A data type is a classification that specifies which type of value a variable has in programming. The kinds of operations (mathematical, logical, etc.) that can be carried out without producing errors are also specified by a data type. There are essentially two forms of data:
Quantitative as well as qualitative
The definition of qualitative data states that it can be subjectively observed. In other words, it relates to the qualities and ways in which an object can be described, including its scent, form, texture, and colour. You work with qualitative data while categorizing anything based on its features. Both of these are categorical and numerical.
Quantitative data is information that can be measured using numbers. A numerical value can be assigned to an object if its dimensions, such as its length, width, and height, are measured. You are therefore working with a quantitative data set.
You can further separate quantitative data into two categories: discontinuous and discrete.
When the count is more specific and includes integers, we refer to the data as being discrete. The number of students in a class is discrete data because it will always be a whole number, which will help you understand. It will therefore always be a 30, 56, etc.

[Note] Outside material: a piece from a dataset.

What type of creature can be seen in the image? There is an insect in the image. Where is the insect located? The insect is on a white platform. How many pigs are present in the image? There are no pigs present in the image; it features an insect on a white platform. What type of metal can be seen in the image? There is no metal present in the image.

Continuous data can be split up or decreased to produce better or more precise findings. We can measure an object’s height to obtain more accurate scales, such as meters, centimeters, millimeters, and so forth, for better understanding.
The Four Levels of Data
The four different levels of measurements are listed in descending order of precision as follows:
The first level of measurement is referred to as the nominal level.The variable’s numbers are only utilized at this level to categorize the data. The use of words, letters, and alphanumeric symbols is permitted at this level of measurement. The person belonging to the female gender might be classified as F, the person belonging to the male gender could be classified as M, and transgender people could be classified as T in the event where there exist data regarding people belonging to three separate gender categories. The nominal level of measurement is this form of classification for assigning.
This is the second level of measurement, showing an ordered relationship between the observed variables. If a student receives the class’s highest grade of 100, he or she will be given the first rank. The second student, who had the second-highest score of 92, was given the second position, followed by the third student, who received the third-highest score of 89. An ordering of the measures is indicated by the ordinal level of measurement.

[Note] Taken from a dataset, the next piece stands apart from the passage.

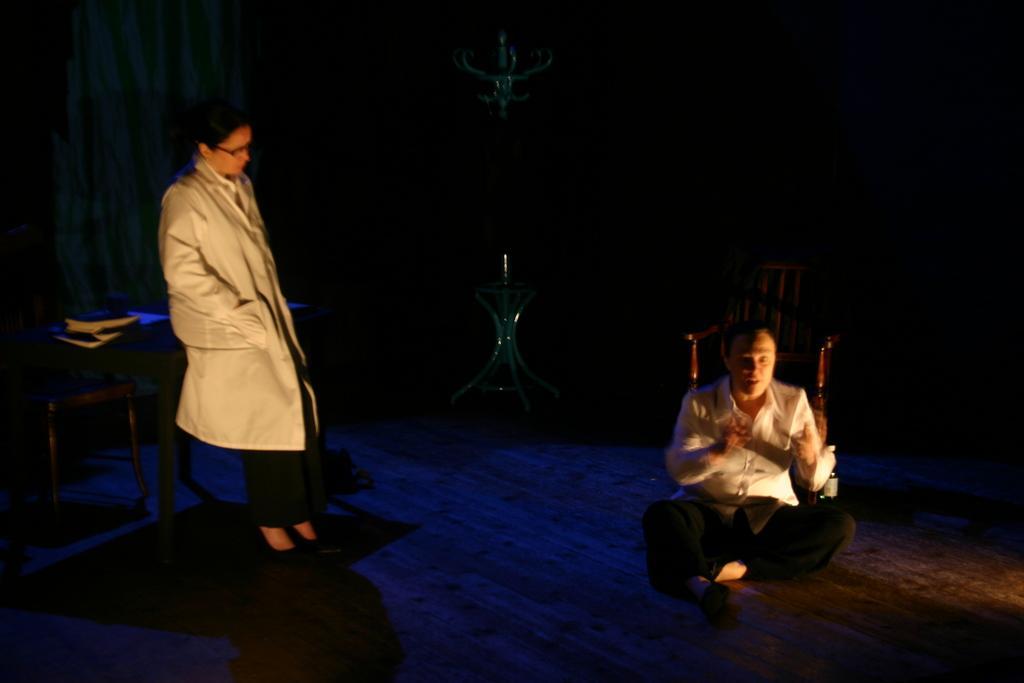Can you describe this image briefly? In this image on the right side there is one person who is sitting, beside him there is one chair. On the left side there is one woman who is standing, beside her there is one table. On the table there are some books and in the center there is one table, on the table there is one glass and on the top of the image there is one light and on the left side there is a curtain. At the bottom there is a floor.

The distance between each interval on the scalar equivalent along the scale from low interval to high interval is specified. For instance, an interval level measurement could be the measurement of a student’s anxiety between a score of 10 and 11. This range applies to students who score between 40 and 41 as well.
In this level of measurement, the observation can have a value of zero in addition to equal intervals. This scale distinguishes these measurements from others of its kind. Even though the characteristics resemble those of an interval level of measurement. The division between the scale’s points has an equal distance between them in the ratio measurement.
For instance, tally, weight, height, etc.
The basic of data science is statistics. Hence if you are interested to start your data science journey, you need some important statistical understanding. With this blog we have covered a minimal but powerful statistical topic such as data types and its levels. With our other articles, we will be covering all other important statistical measurements that you need to understand on your machine learning path.